EXERCISE BRIEF:
Wherever the string "there" occurs in a line of these records, report that line.

INPUT FOR THIS TASK Start Marker

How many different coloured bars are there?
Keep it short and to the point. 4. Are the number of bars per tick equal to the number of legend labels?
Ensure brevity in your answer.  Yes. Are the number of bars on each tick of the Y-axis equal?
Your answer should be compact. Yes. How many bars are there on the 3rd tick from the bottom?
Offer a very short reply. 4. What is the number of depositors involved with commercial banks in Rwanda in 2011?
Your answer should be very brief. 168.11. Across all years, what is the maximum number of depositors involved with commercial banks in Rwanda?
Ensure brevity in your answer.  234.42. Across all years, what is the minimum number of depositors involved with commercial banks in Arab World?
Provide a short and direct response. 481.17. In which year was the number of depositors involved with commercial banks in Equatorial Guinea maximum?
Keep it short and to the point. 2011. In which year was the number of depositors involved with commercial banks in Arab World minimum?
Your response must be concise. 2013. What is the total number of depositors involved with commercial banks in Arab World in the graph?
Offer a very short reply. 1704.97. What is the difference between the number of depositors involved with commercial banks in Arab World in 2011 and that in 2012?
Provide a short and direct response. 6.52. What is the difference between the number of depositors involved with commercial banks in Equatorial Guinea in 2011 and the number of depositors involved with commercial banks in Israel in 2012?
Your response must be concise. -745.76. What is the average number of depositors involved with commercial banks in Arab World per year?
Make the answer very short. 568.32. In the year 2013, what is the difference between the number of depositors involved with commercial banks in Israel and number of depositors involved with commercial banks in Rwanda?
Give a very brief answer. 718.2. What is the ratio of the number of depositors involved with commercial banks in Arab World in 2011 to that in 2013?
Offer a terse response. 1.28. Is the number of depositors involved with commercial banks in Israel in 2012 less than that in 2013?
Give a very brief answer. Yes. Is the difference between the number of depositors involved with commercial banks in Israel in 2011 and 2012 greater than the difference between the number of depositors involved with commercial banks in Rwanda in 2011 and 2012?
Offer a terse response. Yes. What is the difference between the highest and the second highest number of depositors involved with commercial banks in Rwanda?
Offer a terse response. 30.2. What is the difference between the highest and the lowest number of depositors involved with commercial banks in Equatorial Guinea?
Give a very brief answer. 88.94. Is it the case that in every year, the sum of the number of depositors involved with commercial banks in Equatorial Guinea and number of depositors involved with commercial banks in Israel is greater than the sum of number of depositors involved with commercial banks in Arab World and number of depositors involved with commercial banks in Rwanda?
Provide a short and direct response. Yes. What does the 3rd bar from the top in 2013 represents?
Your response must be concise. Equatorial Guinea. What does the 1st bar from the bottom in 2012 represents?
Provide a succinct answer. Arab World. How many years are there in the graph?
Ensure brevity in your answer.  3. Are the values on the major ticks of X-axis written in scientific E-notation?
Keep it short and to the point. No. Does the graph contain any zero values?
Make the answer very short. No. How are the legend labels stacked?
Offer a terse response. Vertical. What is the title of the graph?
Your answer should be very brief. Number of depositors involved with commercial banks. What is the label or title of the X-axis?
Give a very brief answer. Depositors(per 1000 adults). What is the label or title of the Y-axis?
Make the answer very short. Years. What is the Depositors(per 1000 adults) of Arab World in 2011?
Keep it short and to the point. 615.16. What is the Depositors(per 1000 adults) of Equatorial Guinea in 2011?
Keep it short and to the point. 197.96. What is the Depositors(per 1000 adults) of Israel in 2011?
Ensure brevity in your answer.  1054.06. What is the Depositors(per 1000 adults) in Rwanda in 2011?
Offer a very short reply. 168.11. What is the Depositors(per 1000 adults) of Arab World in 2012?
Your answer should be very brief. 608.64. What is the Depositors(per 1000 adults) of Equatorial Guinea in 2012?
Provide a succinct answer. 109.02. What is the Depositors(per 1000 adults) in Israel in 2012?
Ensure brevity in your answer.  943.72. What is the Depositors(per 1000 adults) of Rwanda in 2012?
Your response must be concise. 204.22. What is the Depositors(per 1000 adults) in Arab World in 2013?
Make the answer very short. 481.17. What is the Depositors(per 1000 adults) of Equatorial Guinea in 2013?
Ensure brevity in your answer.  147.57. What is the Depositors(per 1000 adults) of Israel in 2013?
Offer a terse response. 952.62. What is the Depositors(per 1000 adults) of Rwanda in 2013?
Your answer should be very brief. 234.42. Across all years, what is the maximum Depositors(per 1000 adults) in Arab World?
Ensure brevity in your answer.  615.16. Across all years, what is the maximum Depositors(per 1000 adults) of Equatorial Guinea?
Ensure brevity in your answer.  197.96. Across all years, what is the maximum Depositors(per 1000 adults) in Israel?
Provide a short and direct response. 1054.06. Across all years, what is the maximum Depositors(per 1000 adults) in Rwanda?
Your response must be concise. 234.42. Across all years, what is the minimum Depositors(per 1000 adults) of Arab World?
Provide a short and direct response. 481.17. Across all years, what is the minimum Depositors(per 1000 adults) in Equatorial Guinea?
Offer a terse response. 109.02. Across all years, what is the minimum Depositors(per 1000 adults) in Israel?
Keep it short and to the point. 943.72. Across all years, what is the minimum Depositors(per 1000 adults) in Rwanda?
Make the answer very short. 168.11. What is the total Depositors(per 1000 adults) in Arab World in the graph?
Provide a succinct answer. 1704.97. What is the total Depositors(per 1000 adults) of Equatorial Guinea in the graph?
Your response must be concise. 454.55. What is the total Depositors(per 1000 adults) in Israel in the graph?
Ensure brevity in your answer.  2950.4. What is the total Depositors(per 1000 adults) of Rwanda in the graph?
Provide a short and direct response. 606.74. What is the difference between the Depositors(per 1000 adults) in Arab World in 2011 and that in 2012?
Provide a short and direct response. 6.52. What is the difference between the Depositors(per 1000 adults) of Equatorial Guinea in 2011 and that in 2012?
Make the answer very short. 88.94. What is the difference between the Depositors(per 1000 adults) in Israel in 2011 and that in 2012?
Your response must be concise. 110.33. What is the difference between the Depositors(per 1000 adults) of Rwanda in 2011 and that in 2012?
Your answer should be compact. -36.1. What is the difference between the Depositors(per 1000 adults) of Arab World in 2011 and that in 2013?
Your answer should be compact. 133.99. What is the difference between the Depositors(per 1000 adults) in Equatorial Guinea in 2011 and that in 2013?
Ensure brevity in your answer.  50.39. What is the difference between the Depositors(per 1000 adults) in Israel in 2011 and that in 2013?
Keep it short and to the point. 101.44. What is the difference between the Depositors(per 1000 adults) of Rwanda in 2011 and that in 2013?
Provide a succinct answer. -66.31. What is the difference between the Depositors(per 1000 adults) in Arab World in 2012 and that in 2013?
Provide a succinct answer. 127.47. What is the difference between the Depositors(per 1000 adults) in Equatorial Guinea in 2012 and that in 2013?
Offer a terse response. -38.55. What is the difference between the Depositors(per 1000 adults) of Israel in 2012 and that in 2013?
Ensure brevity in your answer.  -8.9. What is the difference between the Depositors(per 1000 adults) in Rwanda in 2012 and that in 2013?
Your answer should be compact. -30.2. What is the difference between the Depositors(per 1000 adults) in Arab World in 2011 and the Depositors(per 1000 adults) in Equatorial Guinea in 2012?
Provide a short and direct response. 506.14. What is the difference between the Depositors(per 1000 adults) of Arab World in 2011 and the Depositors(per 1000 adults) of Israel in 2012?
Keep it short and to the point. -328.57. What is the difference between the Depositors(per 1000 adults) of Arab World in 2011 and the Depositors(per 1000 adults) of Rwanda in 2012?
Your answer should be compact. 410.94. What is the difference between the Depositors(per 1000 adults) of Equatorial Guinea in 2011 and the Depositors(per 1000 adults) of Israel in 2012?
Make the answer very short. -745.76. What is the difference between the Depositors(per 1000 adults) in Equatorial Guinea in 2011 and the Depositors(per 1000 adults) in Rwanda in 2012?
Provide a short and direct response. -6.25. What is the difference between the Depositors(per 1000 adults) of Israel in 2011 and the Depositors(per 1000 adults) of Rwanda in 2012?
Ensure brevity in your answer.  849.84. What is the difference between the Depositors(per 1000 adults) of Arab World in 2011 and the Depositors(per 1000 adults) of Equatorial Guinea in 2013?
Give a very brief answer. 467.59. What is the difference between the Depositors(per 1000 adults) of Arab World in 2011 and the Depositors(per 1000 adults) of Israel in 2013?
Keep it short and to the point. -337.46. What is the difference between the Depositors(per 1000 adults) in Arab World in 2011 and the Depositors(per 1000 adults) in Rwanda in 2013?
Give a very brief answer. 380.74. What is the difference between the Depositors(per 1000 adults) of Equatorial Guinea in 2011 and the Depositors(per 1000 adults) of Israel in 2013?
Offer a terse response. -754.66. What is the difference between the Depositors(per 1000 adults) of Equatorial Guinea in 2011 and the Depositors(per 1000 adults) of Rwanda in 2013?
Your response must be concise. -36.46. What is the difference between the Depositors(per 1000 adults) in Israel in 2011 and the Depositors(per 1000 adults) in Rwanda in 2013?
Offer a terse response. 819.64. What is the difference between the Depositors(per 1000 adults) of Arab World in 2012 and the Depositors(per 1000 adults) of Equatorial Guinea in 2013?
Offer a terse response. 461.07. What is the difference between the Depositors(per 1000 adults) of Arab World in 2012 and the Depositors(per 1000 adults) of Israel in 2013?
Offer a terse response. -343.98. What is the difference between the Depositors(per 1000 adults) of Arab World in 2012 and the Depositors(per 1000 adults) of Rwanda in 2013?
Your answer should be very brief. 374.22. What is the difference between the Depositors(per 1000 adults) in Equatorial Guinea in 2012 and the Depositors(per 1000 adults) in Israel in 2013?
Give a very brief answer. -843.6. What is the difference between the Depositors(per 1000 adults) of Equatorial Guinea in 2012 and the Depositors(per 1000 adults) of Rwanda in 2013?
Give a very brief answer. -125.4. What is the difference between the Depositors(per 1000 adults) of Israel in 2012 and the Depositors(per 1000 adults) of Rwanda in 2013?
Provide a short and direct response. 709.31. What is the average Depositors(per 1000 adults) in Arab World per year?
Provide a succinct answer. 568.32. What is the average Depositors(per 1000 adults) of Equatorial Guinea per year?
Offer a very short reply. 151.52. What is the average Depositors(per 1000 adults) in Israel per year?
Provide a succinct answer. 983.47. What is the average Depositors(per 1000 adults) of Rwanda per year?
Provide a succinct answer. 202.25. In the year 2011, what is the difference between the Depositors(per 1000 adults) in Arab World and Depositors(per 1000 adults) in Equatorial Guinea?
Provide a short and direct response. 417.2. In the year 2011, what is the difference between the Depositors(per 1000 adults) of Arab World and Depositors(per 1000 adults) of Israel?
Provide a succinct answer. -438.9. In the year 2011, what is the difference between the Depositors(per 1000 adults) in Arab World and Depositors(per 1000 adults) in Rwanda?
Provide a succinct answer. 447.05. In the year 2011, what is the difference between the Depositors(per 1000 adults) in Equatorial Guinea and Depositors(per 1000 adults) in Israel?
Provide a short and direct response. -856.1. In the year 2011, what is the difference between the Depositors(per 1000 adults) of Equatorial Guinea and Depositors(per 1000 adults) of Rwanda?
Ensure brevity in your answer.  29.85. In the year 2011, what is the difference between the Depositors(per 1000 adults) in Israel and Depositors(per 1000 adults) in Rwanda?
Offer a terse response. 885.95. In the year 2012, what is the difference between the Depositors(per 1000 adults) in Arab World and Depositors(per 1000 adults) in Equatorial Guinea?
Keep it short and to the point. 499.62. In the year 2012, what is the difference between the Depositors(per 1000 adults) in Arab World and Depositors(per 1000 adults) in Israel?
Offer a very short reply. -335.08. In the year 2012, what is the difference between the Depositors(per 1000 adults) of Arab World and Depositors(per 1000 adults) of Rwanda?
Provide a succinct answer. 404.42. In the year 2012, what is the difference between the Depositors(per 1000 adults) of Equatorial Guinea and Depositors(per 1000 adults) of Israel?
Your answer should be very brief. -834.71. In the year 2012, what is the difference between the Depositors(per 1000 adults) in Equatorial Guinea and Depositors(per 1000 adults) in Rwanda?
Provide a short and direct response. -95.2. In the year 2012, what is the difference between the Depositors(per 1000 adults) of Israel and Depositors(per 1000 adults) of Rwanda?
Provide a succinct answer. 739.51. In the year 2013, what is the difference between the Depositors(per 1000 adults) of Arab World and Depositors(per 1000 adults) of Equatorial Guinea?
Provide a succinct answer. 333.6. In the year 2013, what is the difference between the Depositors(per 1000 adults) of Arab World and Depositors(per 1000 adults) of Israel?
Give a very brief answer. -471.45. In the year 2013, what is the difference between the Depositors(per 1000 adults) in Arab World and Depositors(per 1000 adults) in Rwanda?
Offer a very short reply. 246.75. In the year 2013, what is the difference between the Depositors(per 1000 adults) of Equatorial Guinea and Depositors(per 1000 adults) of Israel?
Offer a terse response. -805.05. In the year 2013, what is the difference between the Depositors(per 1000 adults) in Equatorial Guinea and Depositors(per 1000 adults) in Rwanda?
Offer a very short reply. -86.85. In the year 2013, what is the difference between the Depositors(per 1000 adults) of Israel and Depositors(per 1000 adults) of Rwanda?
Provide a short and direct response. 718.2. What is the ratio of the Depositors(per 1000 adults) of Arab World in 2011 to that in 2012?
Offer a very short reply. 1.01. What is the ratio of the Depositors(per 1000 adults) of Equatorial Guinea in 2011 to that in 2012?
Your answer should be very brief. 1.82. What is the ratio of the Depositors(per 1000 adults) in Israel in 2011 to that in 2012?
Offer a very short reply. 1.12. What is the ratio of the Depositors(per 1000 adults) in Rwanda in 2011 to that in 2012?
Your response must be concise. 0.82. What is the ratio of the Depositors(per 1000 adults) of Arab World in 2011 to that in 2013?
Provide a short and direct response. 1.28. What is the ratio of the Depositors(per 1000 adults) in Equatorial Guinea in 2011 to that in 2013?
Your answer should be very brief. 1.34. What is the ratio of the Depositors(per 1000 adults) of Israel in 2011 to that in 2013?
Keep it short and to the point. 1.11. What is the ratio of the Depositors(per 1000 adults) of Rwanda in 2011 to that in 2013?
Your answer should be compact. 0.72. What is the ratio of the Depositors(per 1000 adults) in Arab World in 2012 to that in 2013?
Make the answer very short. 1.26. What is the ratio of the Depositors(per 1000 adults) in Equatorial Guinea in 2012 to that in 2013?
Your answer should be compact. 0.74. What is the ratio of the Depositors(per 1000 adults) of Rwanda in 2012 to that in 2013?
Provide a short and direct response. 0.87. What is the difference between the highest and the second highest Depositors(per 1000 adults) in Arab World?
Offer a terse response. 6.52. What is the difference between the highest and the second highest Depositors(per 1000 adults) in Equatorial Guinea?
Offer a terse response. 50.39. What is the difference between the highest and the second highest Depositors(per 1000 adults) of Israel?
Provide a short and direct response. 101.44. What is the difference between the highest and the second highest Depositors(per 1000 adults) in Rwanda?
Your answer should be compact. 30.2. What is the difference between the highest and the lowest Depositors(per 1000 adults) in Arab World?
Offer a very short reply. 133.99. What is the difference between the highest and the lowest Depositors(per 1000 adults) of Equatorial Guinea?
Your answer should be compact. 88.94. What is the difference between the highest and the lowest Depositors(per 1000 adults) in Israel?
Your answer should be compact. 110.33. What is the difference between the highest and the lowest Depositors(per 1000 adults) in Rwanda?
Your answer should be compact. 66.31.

INPUT FOR THIS TASK End Marker

ANSWER BELOW:
How many different coloured bars are there?
Your answer should be compact. Yes. How many bars are there on the 3rd tick from the bottom?
Provide a succinct answer. Arab World. How many years are there in the graph?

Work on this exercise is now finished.